In the present case, Watson's EEOC charge alleges that he had been discriminated against by the Sheriff's Department because of his disability - obstructive sleep apnea - and due to discrimination based on "other" reasons. Even the most liberal reading of the EEOC charge's factual narrative does not raise a claim of discrimination based on religion, race, age, or gender. Furthermore, claims of discrimination based on religion, race, age, or gender are not "like or reasonably related" to the disability discrimination claims Watson raises, nor could such charges be reasonably expected to grow out of an investigation into disability discrimination charges. As a pro se plaintiff, Watson was not required to draft his EEOC charge with a lawyer's level of precision. However, he must at least describe the conduct he considered discriminatory. Accordingly, Watson's claim under Title VII for discrimination based on religion, race, age, and gender is dismissed.
The Court notes that Watson checked the "other" box. However, by simply checking "other" without further specifying what "other" discrimination he was alleging in the charge's factual narrative, Watson fails to put either the EEOC or the Sheriff's Department on notice of potential claims that may arise out of this "other" kind of alleged discrimination.
Likewise, Watson alleges that the Sheriff's Department retaliated against him for filing his EEOC charge. Title VII prohibits employers from punishing employees for complaining about discrimination or other practices that violate Title VII. 42 U.S.C. § 2000e-3(a). This type of discrimination is commonly referred to as "retaliation." However, for the same reasons discussed above, Watson's retaliation claim must also be dismissed: Watson has not included a claim of retaliation in his EEOC charge and a retaliation claim is not "like or reasonably related" to the allegations in the EEOC charge he filed.
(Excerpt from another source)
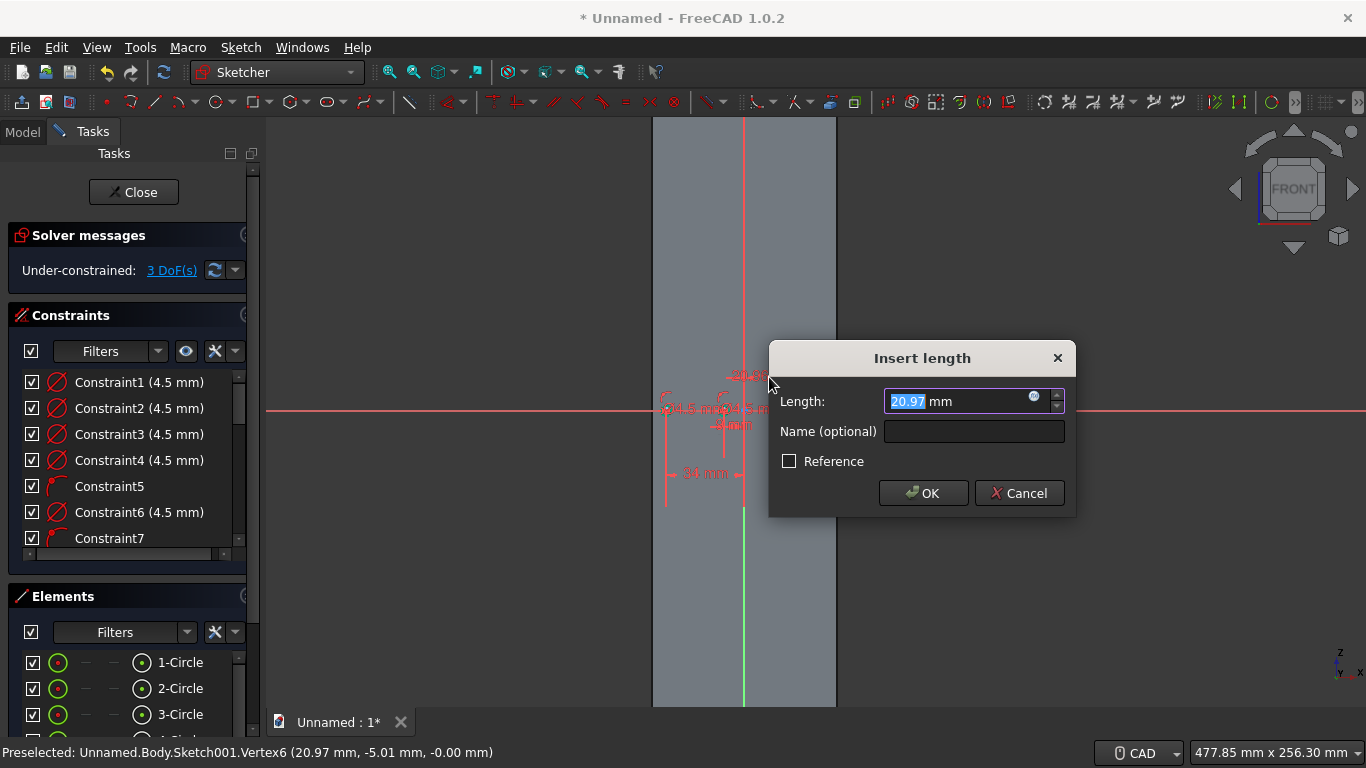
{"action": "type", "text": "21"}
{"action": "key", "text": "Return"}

B. Negligent Infliction of Emotional Distress
The Sheriff Department's final argument is that Watson's claim for negligent infliction of emotional distress ("NIED") should be dismissed because Watson alleges no facts that would raise such a claim. The Court agrees. In order for a plaintiff to plead an NIED claim under Indiana law, he must allege facts supporting an inference that he meets either the modified impact rule or the bystander rule. Atl. Coast Airlines v. Cook, 857 N.E.2d 989, 998 (Ind. 2006). Under the modified impact rule, a plaintiff states an NIED claim when he alleges facts that support an inference that he sustained a direct impact by the negligence of another and, by virtue of that direct involvement, sustained an emotional trauma which is serious in nature and of a kind and extent normally expected to occur in a reasonable person. Shuamber v. Henderson, 579 N.E.2d 452, 456 (Ind. 1991). When direct impact is not shown, a plaintiff may invoke the bystander rule. Cook, 857 N.E.2d at 997. Under the bystander rule, a plaintiff alleges facts that he "actually witnessed or came on the scene soon after the death or severe injury of a loved one with a relationship to the plaintiff analogous to a spouse, parent, child, grandparent, grandchild, or sibling caused by the defendant's negligence or otherwise tortious conduct" for the purposes of stating an NIED claim. Id. at 997-98 (quoting Groves v. Taylor, 729 N.E.2d 569, 572 (Ind. 2000).
In both his EEOC charge and his complaint, Watson does not allege that he suffered any direct physical impact resulting from the Sheriff Department's negligence. As such, he fails to allege the minimum necessary to plead an NIED claim under the direct impact test. Likewise, Watson fails to allege any facts which would support a claim under the bystander test. Accordingly, because Watson has failed to allege the facts necessary to plead a claim for NIED under either the direct impact test or bystander test, his NIED claim must be dismissed.
IV. CONCLUSION
For the foregoing reasons, the Sheriff's Department's motion to dismiss is GRANTED.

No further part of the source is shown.